By 2000, most of the fundamental components did exist:

  • Powerful Microprocessors: Processors capable of running complex software were common.
  • Color LCDs: Standard in laptops and high-end mobile devices.
  • Wireless: 2G cellular networks were widespread (GPRS offered slow data). Wi-Fi existed (802.11b). Bluetooth was available. GPS was available for civilian use.
  • Batteries: Lithium-ion batteries were standard for portable electronics.
  • Flash Memory: Available, but expensive and lower density per chip compared to 2007.
  • Basic Sensors & Digital Cameras: Existed and were being integrated into some phones/PDAs, albeit low-resolution.

So, what was still missing or not mature enough to build the iPhone?

  1. Capacitive Multi-Touch Screen: This was the key missing piece for the iPhone’s revolutionary interface. While resistive touchscreens (used with a stylus) were common on PDAs, large, reliable, capacitive screens capable of registering multiple finger touches were not ready for mass production and integration into a consumer device.
  2. Affordable High-Density Flash Memory: While flash existed, putting 4GB or more into a phone was still prohibitively expensive for a mass-market product.
  3. Required Chip Integration & Miniaturization: While processors were capable, packing all the necessary components (CPU, GPU, wireless, memory, sensors, etc.) so tightly and efficiently into a thin, integrated System-on-a-Chip required manufacturing advancements still underway.
  4. Mobile OS Optimized for Touch & Data: Existing mobile operating systems (like Palm OS, Windows CE, Symbian) were designed around styluses, keyboards, and less data-intensive use. An OS built from the ground up for a finger-driven multi-touch interface and seamless internet use (like iOS) didn’t exist yet.
  5. Network Readiness: While GPRS offered data, the speeds weren’t truly conducive to a rich mobile web experience. Widespread 3G networks, necessary for faster data, were just starting to roll out or hadn’t launched yet in many areas.

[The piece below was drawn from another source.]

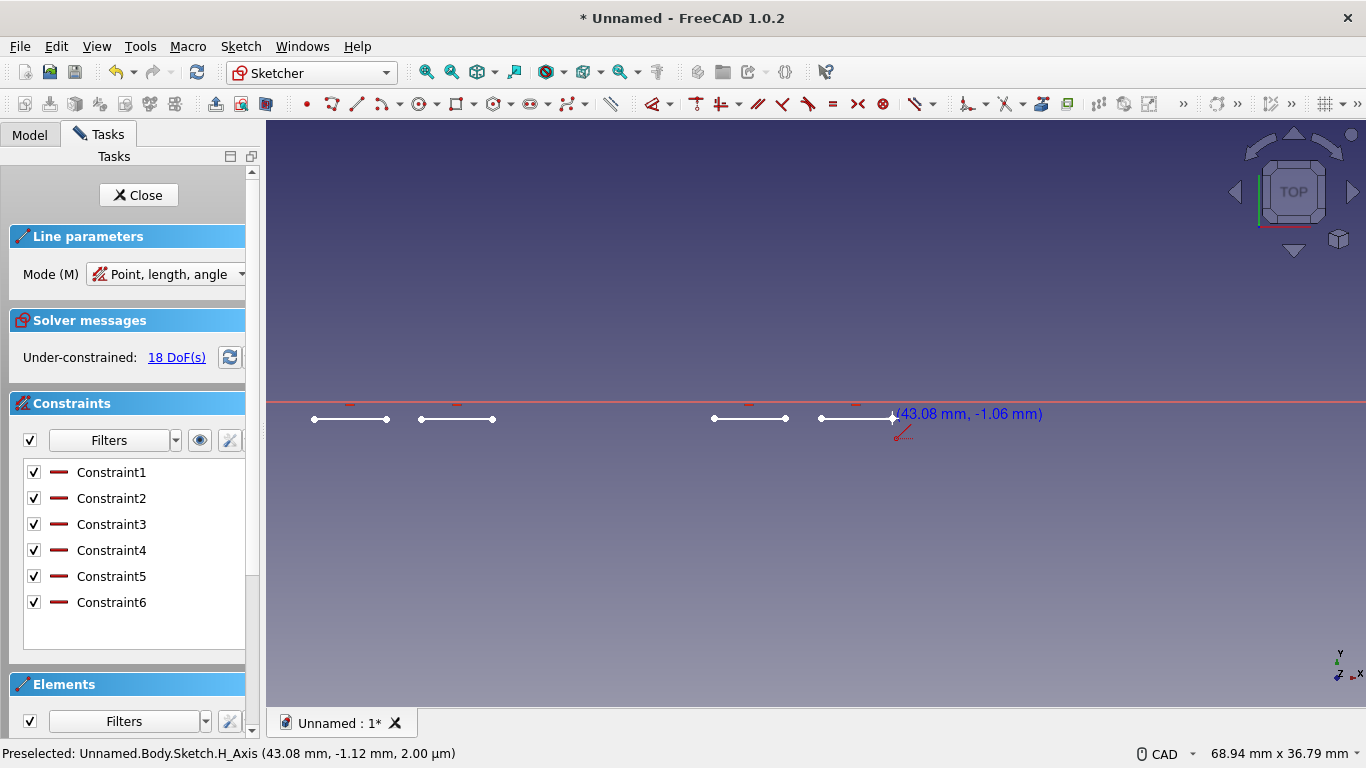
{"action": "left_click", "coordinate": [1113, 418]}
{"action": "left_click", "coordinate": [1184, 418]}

In 2000, you could build a smartphone (like a BlackBerry or a Pocket PC phone) – a device combining calls with email, calendar, and basic web Browse, likely with a physical keyboard or stylus. But the seamless, touch-driven, media-rich, always-connected experience of the iPhone wasn’t possible yet because the critical enabling technologies and the specific level of integration weren’t mature or affordable enough.

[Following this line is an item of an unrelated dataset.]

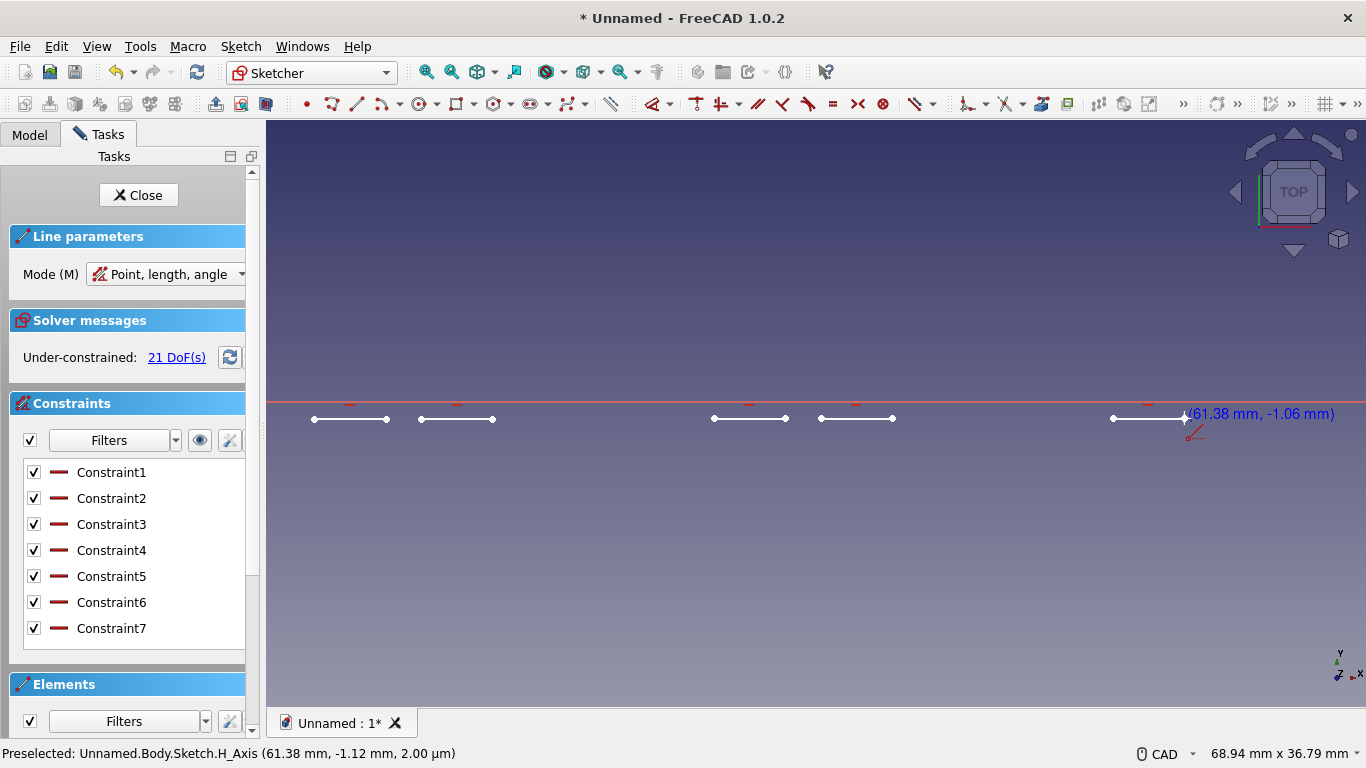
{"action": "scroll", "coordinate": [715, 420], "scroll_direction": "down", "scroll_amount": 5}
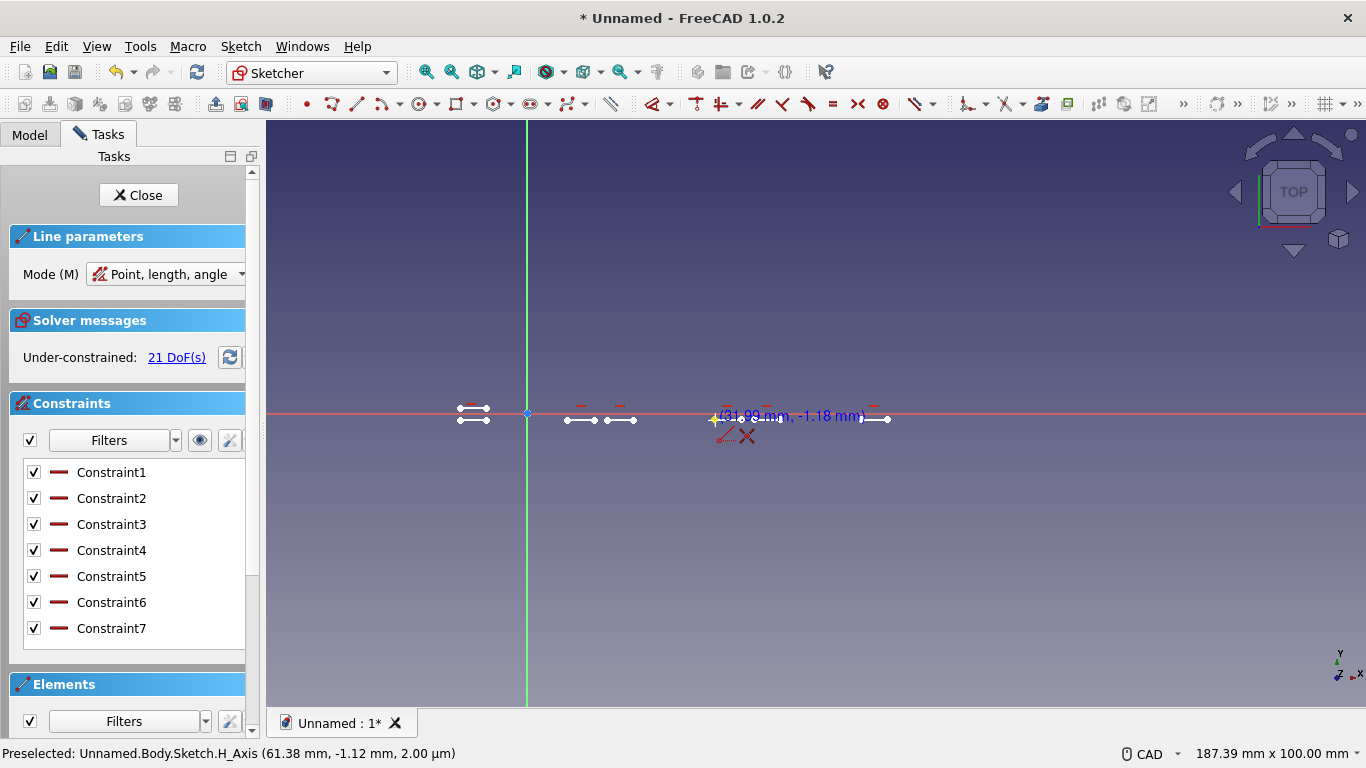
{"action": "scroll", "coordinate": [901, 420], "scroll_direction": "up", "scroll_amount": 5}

When Did It All Come Together?

The technologies that were missing or immature in 2000 converged and matured rapidly in the years leading up to the iPhone’s launch in 2007:

  • ~2004-2006: Capacitive multi-touch display technology became viable for mass production. Flash memory density increased and prices dropped dramatically. 3G networks rolled out more widely.
  • ~2004-2007: Apple internally developed iOS and perfected the integration of hardware, software, and the multi-touch interface. Chip manufacturing allowed for the necessary miniaturization and power efficiency.
  • 2007: The culmination of these advancements arrived as the first iPhone, combining these previously missing/immature pieces into a revolutionary product.
  • 2008: The App Store launched, solidifying the software ecosystem that became central to the smartphone experience.

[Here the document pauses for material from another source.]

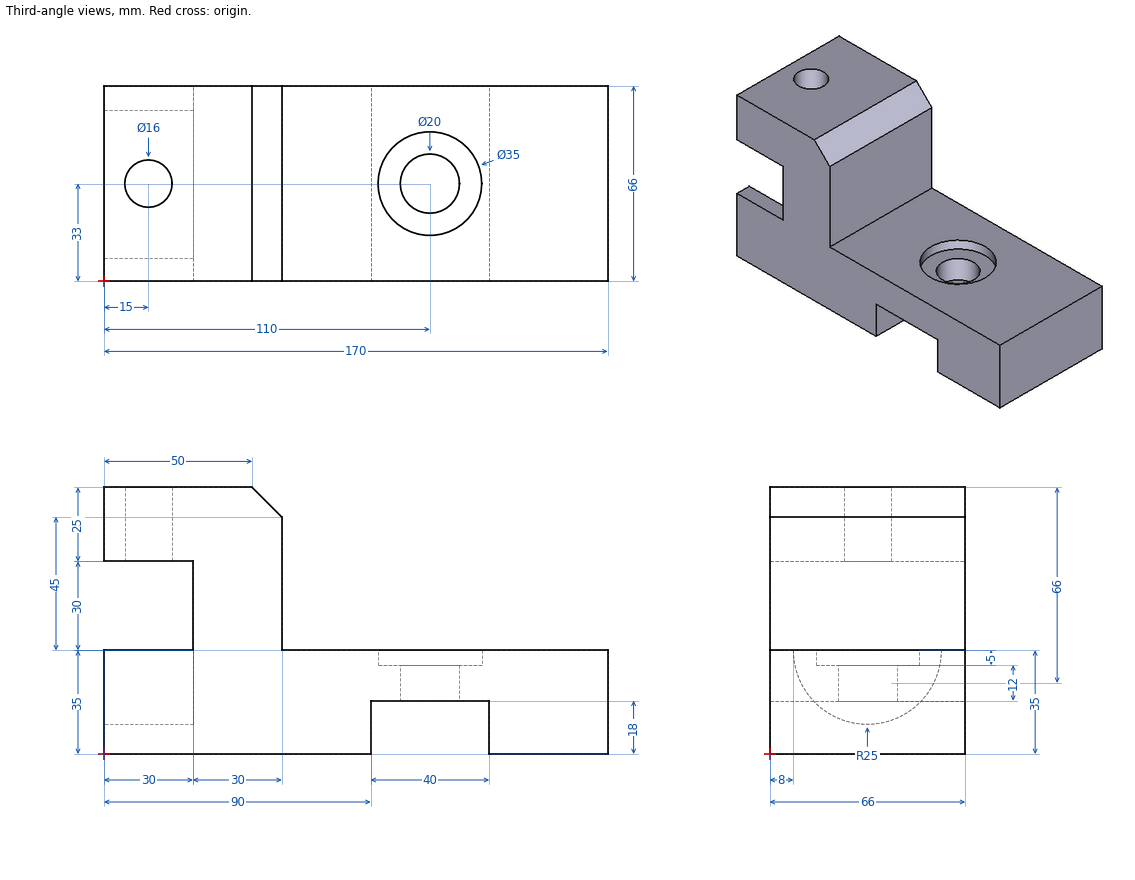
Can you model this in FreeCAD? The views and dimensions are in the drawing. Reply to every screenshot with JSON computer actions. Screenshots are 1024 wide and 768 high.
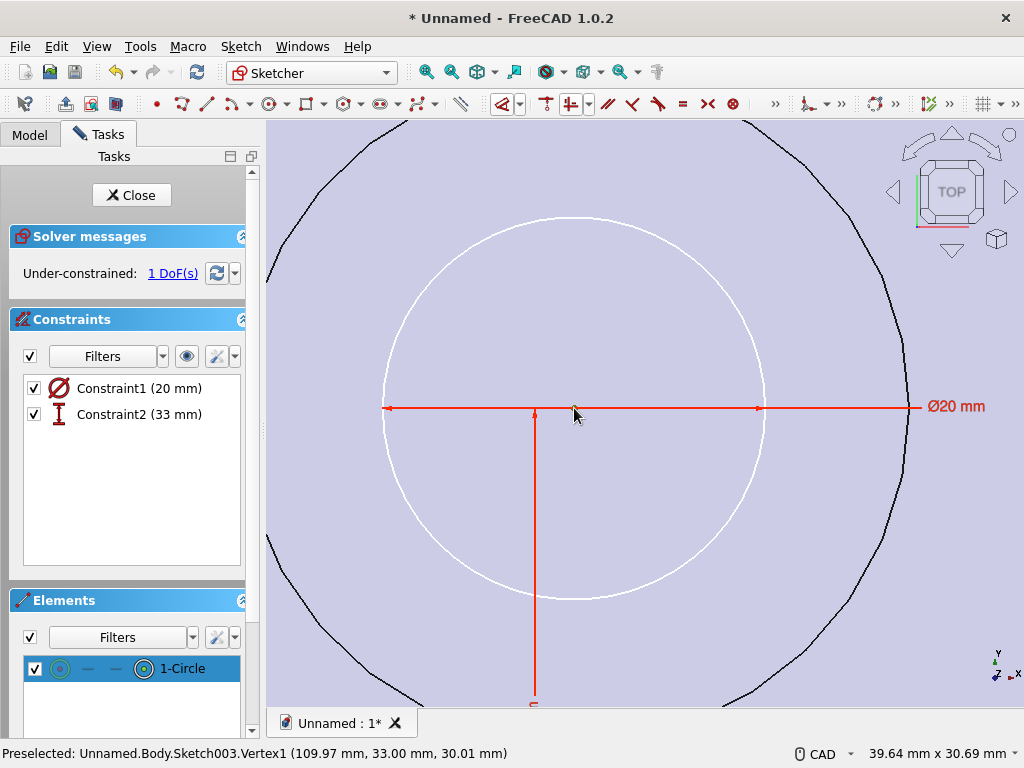
{"action": "key", "text": "l"}

Looking back from 2025, it’s incredible to see how quickly technology evolved. What was pure fantasy in 1900 became a bulky, impossible dream in 1950, a collection of nearly-ready parts in 2000, and finally, a reality in 2007. The journey of the iPhone isn’t just a product story; it’s a testament to the accelerating pace of scientific discovery and engineering innovation over the last century.